London is a global transport hub, so you can easily fly to England from just about anywhere in the world. In recent years, the massive growth of budget (‘no-frills’) airlines has increased the number of routes – and reduced the fares – between England and other countries in Europe.

Your other main option for travel between England and mainland Europe is ferry, either port-to-port or combined with a long-distance bus trip – this type of travel has less environmental impact than flying, although journeys can be long and financial savings not huge compared with budget airfares. International trains are much more comfortable, and another ‘green’ option; the Channel Tunnel allows direct rail services between England, France and Belgium, with onward connections to many other European destinations.

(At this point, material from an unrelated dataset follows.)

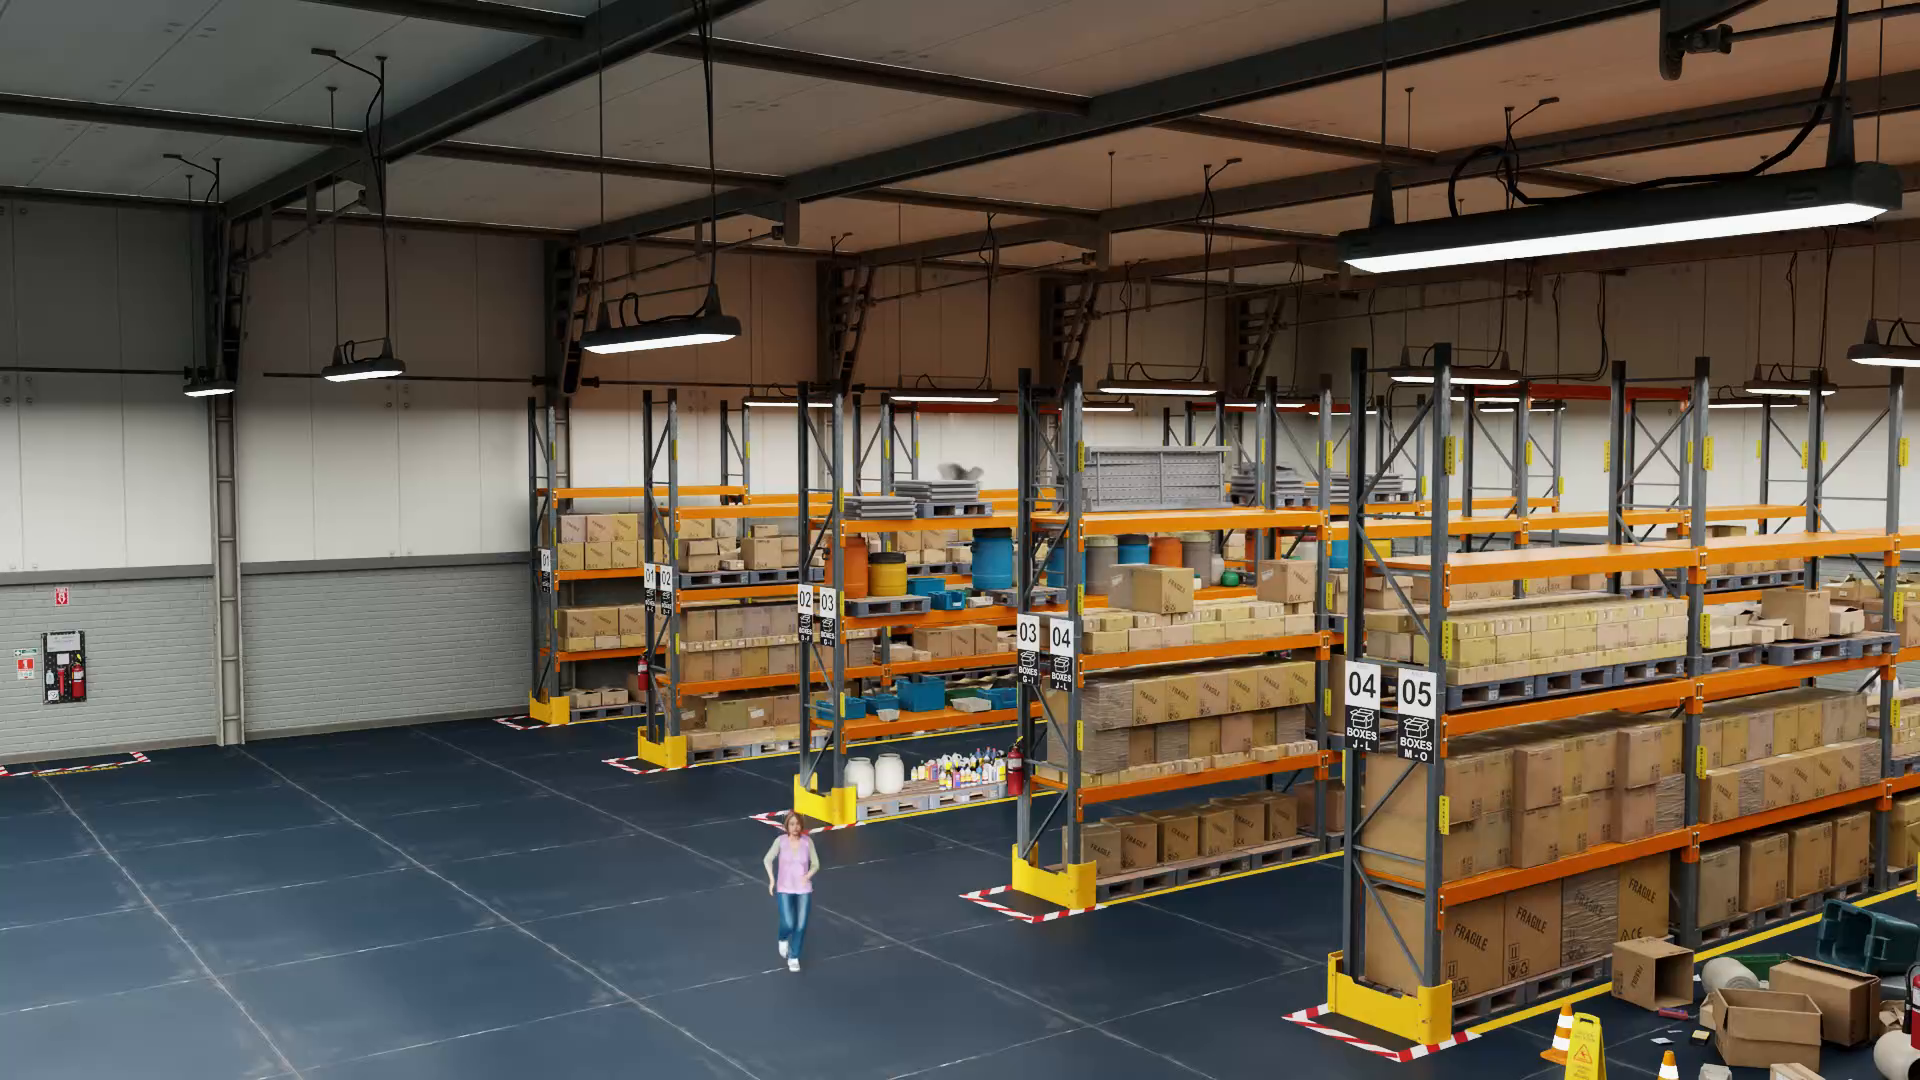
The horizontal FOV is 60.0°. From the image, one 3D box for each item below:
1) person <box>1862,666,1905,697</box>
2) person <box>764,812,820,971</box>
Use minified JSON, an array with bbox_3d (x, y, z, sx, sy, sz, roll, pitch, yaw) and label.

Getting from England to Scotland and Wales is easy. The bus and train systems are fully integrated and in most cases you won’t even know you’ve crossed the border. Passports are not required – although some Scots and Welsh may think they should be!

Flights, tours and rail tickets can be booked by accessing www.lonelyplanet.com/travel_services.



The main ferry routes between England and Ireland include Holyhead to Dun Laoghaire. Between England and mainland Europe, ferry routes include Dover to Calais or Boulogne (France), Harwich to Hook of Holland (Netherlands), Hull to Zeebrugge (Belgium) and Rotterdam (Netherlands), Portsmouth to Santander or Bilbao (Spain), and Newcastle to Bergen (Norway) or Gothenburg (Sweden). There are many more.

Competition from Eurotunnel and budget airlines has forced ferry operators to discount heavily and offer flexible fares, meaning great bargains at quiet times of day or year. For example, the short cross-channel routes such as Dover to Calais or Boulogne can be as low as £20 for a car plus up to five passengers, although around £50 is more likely. If you’re a foot passenger, or cycling, there’s often less need to book ahead, and cheap fares on the short crossings start from about £10 each way.

Some ferry operators take only online bookings; others charge a supplement (up to £20) for booking by phone. Main operators include the following.

Brittany Ferries (www.brittany-ferries.com)

DFDS Seaways (0871 522 9955; www.dfds.co.uk)

Irish Ferries (08705 171717; www.irishferries.com)

Norfolkline (08701 450603; www.irishferries.com)

P&O Ferries (08716 645 645; www.poferries.com)

Speedferries (0871 222 7456; www.speedferries.com)

Stena Line (www.stenaline.com)

Transmanche (0800 917 1201; www.transmancheferries.com)

Another very handy option is www.ferrybooker.com, a single site covering all sea-ferry routes and operators, plus Eurotunnel.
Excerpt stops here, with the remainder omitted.